Freja can identify three types of issues concerning software prefetch instructions; prefetch unnecessary, prefetch too distant and prefetch too close.
The information presented about prefetch issues differs a lot from that of other issues, and it uses none of the standard sections. The different types of prefetch advice only have one section in common:
A prefetch unnecessary issue is reported when a prefetch instruction that nearly always hits in the cache is found. The percentage of times this is the case is given by the fetch ratio of the instruction presented by Freja. Prefetch instructions that almost always hit in the cache consume execution resources without providing any benefit.
The prefetch unnecessary issue has the following sections:
Fetch ratio of the prefetch instruction
The fetch ratio of the prefetch instruction.
Instructions using the prefetched data before the prefetch
Lists the instructions that last touched the data the before the prefetch instruction. This is useful when trying to understand why the data already is in the cache, for example, to check if the data is brought into the cache by some part of the application that you did not expect.
A reasonable rule of thumb is that the fetch ratio of prefetch instructions should be above 10% for prefetches from the L2 cache or above 1% for prefetches from RAM. If the fetch ratio is too low the data that the prefetch instruction is prefetching is almost always already in the cache, so the prefetch instruction is not doing useful work and may instead decrease performance by consuming execution resources.
Check that the data is not brought into the cache by some part of the application that you did not expect. Make sure that you do not prefetch the same cache line multiple times. If that is not the case, consider removing the prefetch.
A prefetch too distant issue is reported when a prefetch instruction that fetches data that is not used before it is evicted from the cache again is found. The prefetch instruction may be placed too far ahead of the instructions that use the prefetched data, or the data may not be used as expected. Such a prefetch will consume execution resources and memory bandwidth without providing any benefit.
The prefetch too distant issue has the following sections:
Average fetch ratio of the instructions using the prefetched data
The fetch ratio of the instructions using the prefetched data. Tells you to what degree the prefetched data is evicted again before it is used.
Instructions using the prefetched data after the prefetch
Lists the instructions that use the prefetched data.
Consider reducing the distance between the prefetch and the instructions using the prefetched data, for example, if you are prefetching data a number of iterations ahead in a loop consider reducing that number of iterations.
This issue can also indicate that the data fetched by the prefetch instruction is actually never used as intended. Check that it is the intended instructions that use the data.
A prefetch too close issue is reported when a prefetch instruction that is too close to the instruction using the data is found. When prefetch instruction is too close the prefetched data does not have time to arrive from the next cache level or main memory before it is needed. The instruction using the data still stalls for some time and you do not get the full benefit of the prefetch.

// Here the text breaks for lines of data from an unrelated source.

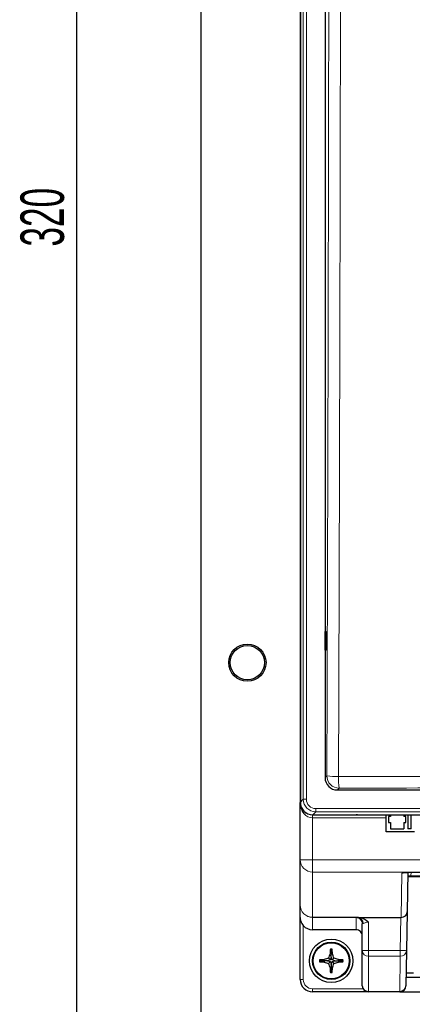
# Model space of a CAD drawing. Header units: millimetres. Extents: x 5 to 418, y 2 to 292.
# Tile 3 of 36: x 77 to 108, y 104 to 184. Entities that reach past the tile are written whole.
import ezdxf

# ---------------------------------------------------------------- set-up
doc = ezdxf.new("R2010")
doc.units = ezdxf.units.MM
doc.layers.add('SLD-0', color=7, linetype='Continuous')
doc.styles.add('SLDTEXTSTYLE0', font='TXT', dxfattribs={"width": 0.605})
doc.dimstyles.new('SLDDIMSTYLE0', dxfattribs={"dimtxt": 3.5, "dimasz": 3.302, "dimexe": 0, "dimexo": 0.0625, "dimgap": 0.875, "dimtad": 1, "dimlfac": 2, "dimrnd": 1e-09, "dimzin": 12, "dimdsep": 46, "dimtxsty": 'SLDTEXTSTYLE0', "dimsah": 1, "dimcen": 0.09, "dimadec": 0, "dimazin": 3, "dimtfac": 1, "dimtofl": 0, "dimtmove": 0, "dimatfit": 3, "dimfxl": 1, "dimfrac": 2, "dimtolj": 1, "dimtzin": 12, "dimarcsym": 0})

# ---------------------------------------------------------------- blocks, each defined once
blk = doc.blocks.new('_D_1')
at = {"layer": 'SLD-0'}
for p, q in [((93.751, 249.28), (80.251, 249.28)), ((81.251, 249.28), (81.251, 89.28)), ((93.751, 89.28), (80.251, 89.28))]:
    blk.add_line(p, q, dxfattribs=at)
for points in [[(81.251, 249.28), (80.743, 245.978), (81.759, 245.978)], [(81.251, 89.28), (81.759, 92.582), (80.743, 92.582)]]:
    blk.add_solid(points, dxfattribs=at)
at = {"layer": 'SLD-0', "insert": (76.739, 165.27), "char_height": 3.5, "attachment_point": 1, "rotation": 90, "style": 'SLDTEXTSTYLE0'}
blk.add_mtext('320', dxfattribs=at)

msp = doc.modelspace()

# ---------------------------------------------------------------- linework, layer by layer
at = {"color": 7, "linetype": 'Continuous', "lineweight": 25}
for p, q in [((91.2511, 246.7805), (91.2511, 91.7805)), ((99.2511, 228.0305), (99.2511, 120.5305)), ((99.2642, 228.0305), (99.2642, 120.5422)), ((101.2511, 190.3479), (101.2511, 122.5291)), ((101.2538, 134.2805), (101.3298, 134.2819)), ((101.2538, 132.7804), (101.2538, 134.2805)), ((101.3298, 134.2819), (101.3298, 132.7791)), ((101.3298, 132.7791), (101.2538, 132.7804)), ((102.2498, 121.5305), (160.2525, 121.5305)), ((99.2511, 115.9159), (99.2511, 120.5305)), ((100.2511, 119.5305), (103.7511, 119.5305)), ((100.2629, 119.5436), (162.2394, 119.5436)), ((103.7511, 119.5436), (103.7511, 119.5305)), ((103.8602, 119.5305), (103.7511, 119.5305)), ((103.8602, 119.5436), (103.8602, 119.5305)), ((103.8602, 119.5305), (106.1761, 119.5305)), ((106.1761, 118.1555), (106.1761, 119.5436)), ((106.5136, 119.4055), (106.3511, 119.4055)), ((106.3511, 119.4055), (106.3511, 118.9055)), ((106.3511, 118.9055), (106.5136, 118.9055)), ((106.5136, 119.5436), (106.5136, 119.4055)), ((106.5136, 118.9055), (106.5136, 118.4055)), ((107.5886, 119.5436), (107.5886, 119.4055)), ((107.7511, 119.4055), (107.5886, 119.4055)), ((107.5886, 118.9055), (107.5886, 118.4055)), ((107.5886, 118.9055), (107.7511, 118.9055)), ((107.7511, 118.9055), (107.7511, 119.4055)), ((107.9261, 119.5436), (107.9261, 118.4055)), ((108.1761, 118.4055), (108.1761, 119.5436)), ((108.4509, 118.1555), (106.1761, 118.1555)), ((106.5136, 118.4055), (107.5886, 118.4055)), ((108.1761, 118.4055), (107.9261, 118.4055)), ((99.2511, 112.2778), (99.2511, 115.9159)), ((108.167, 114.9146), (108.167, 114.9109)), ((107.9191, 114.9044), (107.8635, 111.7145)), ((108.1643, 114.5305), (107.9126, 114.5305)), ((118.3791, 114.5305), (108.1643, 114.5305)), ((108.167, 114.9109), (118.0011, 114.9109)), ((99.2511, 111.2706), (99.2511, 112.2778)), ((99.2511, 106.2805), (99.2511, 111.2706)), ((103.9456, 111.2805), (107.3558, 111.2805)), ((107.8635, 111.7145), (107.809, 108.5967)), ((103.7511, 110.2805), (100.2511, 110.2805)), ((104.2511, 108.6054), (104.2511, 110.7583)), ((101.7511, 108.6555), (101.6809, 108.7258)), ((101.7511, 108.6555), (101.8214, 108.7258)), ((101.7511, 108.6555), (101.7511, 108.3363)), ((104.2511, 105.7805), (104.2511, 108.6054)), ((107.809, 108.5967), (107.7597, 105.7718)), ((100.8761, 107.7805), (100.8059, 107.8508)), ((100.8761, 107.7805), (100.8059, 107.7102)), ((100.8761, 107.7805), (101.1953, 107.7805)), ((101.1953, 107.7805), (101.1812, 107.877)), ((101.1953, 107.7805), (101.1812, 107.684)), ((101.4611, 107.7805), (101.1953, 107.7805)), ((101.6845, 107.8471), (101.4611, 107.7805)), ((101.4611, 107.7805), (101.6845, 107.7139)), ((101.6845, 107.8471), (101.5371, 107.9946)), ((101.7511, 108.3363), (101.6547, 108.3504)), ((101.7511, 108.0705), (101.6845, 107.8471)), ((101.7511, 108.3363), (101.8476, 108.3504)), ((101.7511, 108.0705), (101.7511, 108.3363)), ((101.8178, 107.8471), (101.7511, 108.0705)), ((101.8178, 107.8471), (101.9652, 107.9946)), ((102.0412, 107.7805), (101.8178, 107.8471)), ((101.8178, 107.7139), (102.0412, 107.7805)), ((102.0412, 107.7805), (102.307, 107.7805)), ((102.307, 107.7805), (102.3211, 107.877)), ((102.307, 107.7805), (102.3211, 107.684)), ((102.6261, 107.7805), (102.307, 107.7805)), ((102.6261, 107.7805), (102.6964, 107.8508)), ((102.6261, 107.7805), (102.6964, 107.7102)), ((101.6845, 107.7139), (101.5371, 107.5664)), ((101.7511, 107.2246), (101.6547, 107.2105)), ((101.6845, 107.7139), (101.7511, 107.4905)), ((101.7511, 107.4905), (101.8178, 107.7139)), ((101.7511, 107.4905), (101.7511, 107.2246)), ((101.7511, 107.2246), (101.8476, 107.2105)), ((101.7511, 106.9055), (101.7511, 107.2246)), ((101.8178, 107.7139), (101.9652, 107.5664)), ((101.7511, 106.9055), (101.6809, 106.8352)), ((101.7511, 106.9055), (101.8214, 106.8352)), ((154.7309, 106.4379), (107.7713, 106.4379)), ((108.3761, 106.7805), (107.7773, 106.7805)), ((104.7511, 105.2805), (100.2511, 105.2805)), ((107.2598, 105.2805), (104.7511, 105.2805)), ((107.2598, 105.2805), (155.2425, 105.2805))]:
    msp.add_line(p, q, dxfattribs=at)
at = {"color": 7, "linetype": 'Continuous', "lineweight": 18}
for p, q in [((99.5008, 120.7787), (99.5008, 228.0305)), ((99.7504, 228.0305), (99.7504, 120.7787)), ((101.2511, 122.5291), (101.3968, 122.6748)), ((102.3954, 121.6761), (102.2498, 121.5305)), ((99.2642, 120.5422), (99.5008, 120.7787)), ((99.5008, 120.7787), (99.7504, 120.7787)), ((100.4994, 119.7801), (100.2629, 119.5436)), ((100.4994, 120.0298), (162.0029, 120.0298)), ((100.4994, 119.7801), (100.4994, 120.0298)), ((162.0029, 119.7801), (100.4994, 119.7801)), ((100.2511, 119.5305), (100.2511, 119.2805)), ((106.1761, 119.2805), (100.2511, 119.2805)), ((100.2511, 119.2805), (100.2511, 115.9159)), ((99.2511, 115.9159), (100.2511, 115.9159)), ((100.2511, 115.9159), (126.5011, 115.9159)), ((100.2511, 114.9233), (100.2511, 115.9159)), ((100.2511, 114.9233), (100.2511, 111.2852)), ((126.5011, 114.9233), (100.2511, 114.9233)), ((108.167, 114.9146), (118.0011, 114.9146)), ((107.3645, 111.2805), (107.4263, 114.8244)), ((108.1692, 114.9109), (108.1643, 114.6287)), ((108.1643, 114.6287), (108.1643, 114.5305)), ((108.1643, 114.6287), (118.3791, 114.6287)), ((100.2511, 111.2852), (103.9506, 111.2852)), ((100.2511, 111.2788), (100.2511, 111.2852)), ((103.8754, 111.2788), (100.2511, 111.2788)), ((100.2511, 111.2788), (100.2511, 110.2805)), ((103.7511, 110.2805), (103.7511, 111.2578)), ((103.8754, 111.2788), (103.9506, 111.2852)), ((107.3091, 108.6054), (107.3558, 111.2805)), ((99.5011, 110.6194), (99.5011, 106.2805)), ((104.7511, 110.8955), (104.7511, 108.6054)), ((104.7511, 108.6054), (104.2511, 108.6054)), ((104.7511, 108.6054), (107.3091, 108.6054)), ((104.7511, 108.6054), (104.7511, 108.1485)), ((107.3091, 108.6054), (107.3091, 108.1485)), ((107.3091, 108.1485), (104.7511, 108.1485)), ((104.7511, 108.1485), (104.7511, 105.3236)), ((107.2598, 105.3236), (107.3091, 108.1485)), ((99.2511, 106.2805), (99.5011, 106.2805)), ((100.2511, 105.5305), (104.3181, 105.5305)), ((100.2511, 105.2805), (100.2511, 105.5305)), ((104.7511, 105.3236), (107.2598, 105.3236)), ((104.7511, 105.3236), (104.7511, 105.2805)), ((107.2598, 105.3236), (107.2598, 105.2805))]:
    msp.add_line(p, q, dxfattribs=at)
at = {"color": 7, "linetype": 'Continuous', "lineweight": 18, "flags": 128}
msp.add_lwpolyline([(107.3091, 108.6054), (107.4066, 108.6037), (107.5004, 108.6021), (107.5868, 108.6006), (107.6626, 108.5992), (107.7248, 108.5982), (107.771, 108.5974), (107.7994, 108.5969), (107.809, 108.5967)], dxfattribs=at)
at = {"color": 7, "linetype": 'Continuous', "lineweight": 25}
for centre, radius in [((95.0011, 131.7805), 1.5), ((95.0011, 131.7805), 1.375), ((101.7511, 107.7805), 1.75), ((101.7511, 107.7805), 1.5), ((101.7511, 107.7805), 1.45)]:
    msp.add_circle(centre, radius, dxfattribs=at)
at = {"color": 7, "linetype": 'Continuous', "lineweight": 18}
for centre, radius, start, end in [((102.144, 126.5242), 3.9213, 259.01504, 272.818535), ((102.3986, 122.678), 1.0018, 180.183603, 269.816504), ((106.7529, 122.4179), 4.4201, 177.538894, 189.660164), ((100.2475, 115.9196), 0.9963, 180.212412, 270.210693), ((107.4265, 115.3273), 0.5029, 269.975071, 295.971093), ((100.2475, 112.2815), 0.9963, 180.212388, 270.210662), ((100.2507, 112.2783), 0.9995, 180.027219, 270.027021), ((103.7514, 110.758), 0.4998, 0.026863, 90.027164), ((103.8298, 110.7972), 0.4838, 357.879011, 84.594343), ((104.7305, 108.628), 0.4799, 182.694974, 272.462266), ((107.3309, 108.6271), 0.4791, 267.394505, 356.357777), ((100.2511, 106.2805), 0.75, 180, 270), ((104.7305, 105.803), 0.4799, 182.694932, 272.462425), ((107.2816, 105.8022), 0.4791, 267.394273, 356.358009)]:
    msp.add_arc(centre, radius, start, end, dxfattribs=at)
at = {"color": 7, "linetype": 'Continuous', "lineweight": 25}
for centre, radius, start, end in [((100.2511, 120.5305), 1, 180, 270), ((111.848, 107.8274), 10.2068, 174.950409, 177.062659), ((101.7511, 97.2161), 11.5099, 89.650103, 90.349897), ((91.6591, 107.8277), 10.202, 2.936843, 5.05009), ((112.36, 107.7805), 11.5543, 179.651448, 180.348552), ((101.7039, 97.6881), 10.2023, 92.936873, 95.050059), ((104.8627, 97.3318), 11.1694, 107.322156, 109.244828), ((112.1963, 104.6701), 11.1656, 160.754849, 162.678167), ((91.306, 104.6701), 11.1656, 17.321833, 19.245151), ((98.6402, 97.3336), 11.1675, 70.75501, 72.678006), ((101.7984, 97.6881), 10.2023, 84.949941, 87.063127), ((91.1423, 107.7805), 11.5543, 359.651448, 0.348552), ((101.7037, 117.8695), 10.1989, 264.949737, 267.063613), ((104.8624, 118.2282), 11.1683, 250.754946, 252.6778), ((112.197, 110.8911), 11.1663, 197.321893, 199.245092), ((111.8484, 107.7336), 10.2071, 182.937376, 185.049556), ((91.6587, 107.7333), 10.2023, 354.949946, 357.063122), ((91.3053, 110.8911), 11.1663, 340.754908, 342.678107), ((98.6405, 118.2264), 11.1664, 287.322038, 289.245217), ((101.7986, 117.8695), 10.1989, 272.936387, 275.050263), ((100.2511, 106.2805), 1, 180, 270), ((101.7511, 118.3894), 11.5545, 269.651452, 270.348548), ((104.7511, 105.7805), 0.5, 180, 270), ((107.2598, 105.7805), 0.5, 270, 359)]:
    msp.add_arc(centre, radius, start, end, dxfattribs=at)
for centre, major_axis, ratio, start_param, end_param in [((102.2525, 122.5319), (-0.709, -0.709), 0.9972647, 5.4991567, 7.0672139), ((100.2656, 120.545), (-0.709, -0.709), 0.9972647, 5.4991567, 7.0672139), ((107.3547, 111.2195), (0.5001, 0.0001), 0.1219321, 1.5513109, 1.5686359), ((107.3635, 111.7232), (0.4999, -0.0087), 0.8854411, 4.7297139, 6.2831853), ((100.2511, 111.2814), (0, -1.0009), 0.9990562, 5.4351232, 6.2831853), ((103.7511, 109.78), (0, -0.5005), 0.9990562, 1.5707963, 3.1415927)]:
    msp.add_ellipse(centre, major_axis=major_axis, ratio=ratio, start_param=start_param, end_param=end_param, dxfattribs=at)
at = {"color": 7, "linetype": 'Continuous', "lineweight": 18}
for centre, major_axis, ratio, start_param, end_param in [((100.2511, 120.5305), (0, 1.25), 0.8, 1.5707963, 3.1415927), ((100.5015, 120.7808), (0.7081, 0.7081), 0.9986286, 2.357564, 3.9256213), ((100.5015, 120.7808), (-0.5318, -0.5318), 0.9972647, 5.4991567, 7.0672139), ((108.167, 114.8243), (0.7406, 0), 0.1219515, 1.5707963, 3.139464), ((108.1644, 114.6305), (0.2501, 0.0017), 0.0069757, 3.1414222, 4.7119139), ((104.7511, 111.2578), (1, 0), 0.0434783, 2.6377604, 3.1415927), ((104.7511, 110.7583), (0.5, 0), 0.0869565, 2.6377604, 3.1415927)]:
    msp.add_ellipse(centre, major_axis=major_axis, ratio=ratio, start_param=start_param, end_param=end_param, dxfattribs=at)
for points, knots in [([(101.3968, 122.6748), (101.4306, 132.9704), (101.4981, 153.5657), (101.5332, 174.1905), (101.5508, 184.505)], [0, 0, 0, 0, 0.4998997, 1, 1, 1, 1]), ([(102.4913, 184.4776), (102.4904, 183.8112), (102.4855, 180.4792), (102.4623, 166.4856), (102.417, 146.5209), (102.3591, 129.2414), (102.3368, 122.6077)], [0, 0, 0, 0, 0.0322875, 0.1614381, 0.6780666, 1, 1, 1, 1]), ([(102.3368, 122.6077), (103.0024, 122.6097), (106.3303, 122.6197), (114.9917, 122.6408), (128.3309, 122.6561), (144.2879, 122.6489), (154.8921, 122.6214), (160.1655, 122.6077)], [0, 0, 0, 0, 0.03456626, 0.17283554, 0.4495496, 0.72626364, 1, 1, 1, 1]), ([(160.1069, 121.6761), (155.3091, 121.6889), (145.7136, 121.7143), (131.2847, 121.7239), (116.839, 121.7144), (107.21, 121.6889), (102.3954, 121.6761)], [0, 0, 0, 0, 0.24956373, 0.49912749, 0.74956375, 1, 1, 1, 1]), ([(104.7511, 110.8955), (104.7068, 110.8924), (104.6041, 110.8851), (104.4634, 110.8338), (104.3653, 110.7909), (104.3244, 110.7817), (104.3133, 110.7793)], [0, 0, 0, 0, 0.2431412, 0.5625199, 0.8817847, 1, 1, 1, 1])]:
    msp.add_open_spline(points, degree=3, knots=knots, dxfattribs=at)
at = {"color": 7, "linetype": 'Continuous', "lineweight": 25}
for points, knots in [([(107.624, 114.8755), (107.6244, 114.8756), (107.6254, 114.8759), (107.6595, 114.8826), (107.7356, 114.8925), (107.873, 114.9039), (108.0289, 114.9101), (108.1327, 114.9107), (108.167, 114.9109)], [0, 0, 0, 0, 0.06783242, 0.1899004, 0.36106133, 0.58975516, 0.86478244, 1, 1, 1, 1]), ([(99.2511, 111.2706), (99.2511, 111.2692), (99.2513, 111.1895), (99.2731, 111.0217), (99.3598, 110.7994), (99.461, 110.6704), (99.5011, 110.6194)], [0, 0, 0, 0, 0.0058928, 0.3537622, 0.7440715, 1, 1, 1, 1]), ([(103.9506, 111.2852), (103.9502, 111.285), (103.9482, 111.2834), (103.9468, 111.2818), (103.9456, 111.2805)], [0, 0, 0, 0, 0.1539499, 1, 1, 1, 1]), ([(103.9456, 111.2805), (104.0572, 111.263), (104.316, 111.2224), (104.5798, 111.0553), (104.7201, 110.9265), (104.7504, 110.8963), (104.7511, 110.8955)], [0, 0, 0, 0, 0.3702572, 0.8589671, 0.9965218, 1, 1, 1, 1])]:
    msp.add_open_spline(points, degree=3, knots=knots, dxfattribs=at)

# ---------------------------------------------------------------- dimensions: what is measured, and where the dimension line sits
at = {"layer": 'SLD-0'}
dim = msp.add_linear_dim(base=(81.2511, 89.2805), p1=(93.7511, 249.2805), p2=(93.7511, 89.2805), angle=90, dimstyle='SLDDIMSTYLE0', dxfattribs=at)
dim.commit()
dim.dimension.update_dxf_attribs({"geometry": '_D_1', "text_midpoint": (81.2511, 169.2805), "dimtype": 160})

doc.saveas('drawing.dxf')

The prefetch too close issue has the following sections:
Median number of memory accesses to the instructions using the prefetched data
The number of memory accesses between the prefetch instruction and the instructions using the prefetched data.
Instructions using the prefetched data after the prefetch
Lists the instructions that use the prefetched data.
Freja presents the distance as the median number of memory accesses before the next use of the prefetched data. It also presents which instructions are the next to touch the data. The required distance depends on the latency of the cache level or main memory the data is fetched from. A reasonable rule of thumb is that the distance should be at least 3 accesses for prefetches from the L2 cache or at least 30 accesses for prefetches from RAM.
Consider increasing the distance between the prefetch and the instructions using the prefetched data, for example, if you are prefetching data a number of iterations ahead in a loop consider increasing that number of iterations.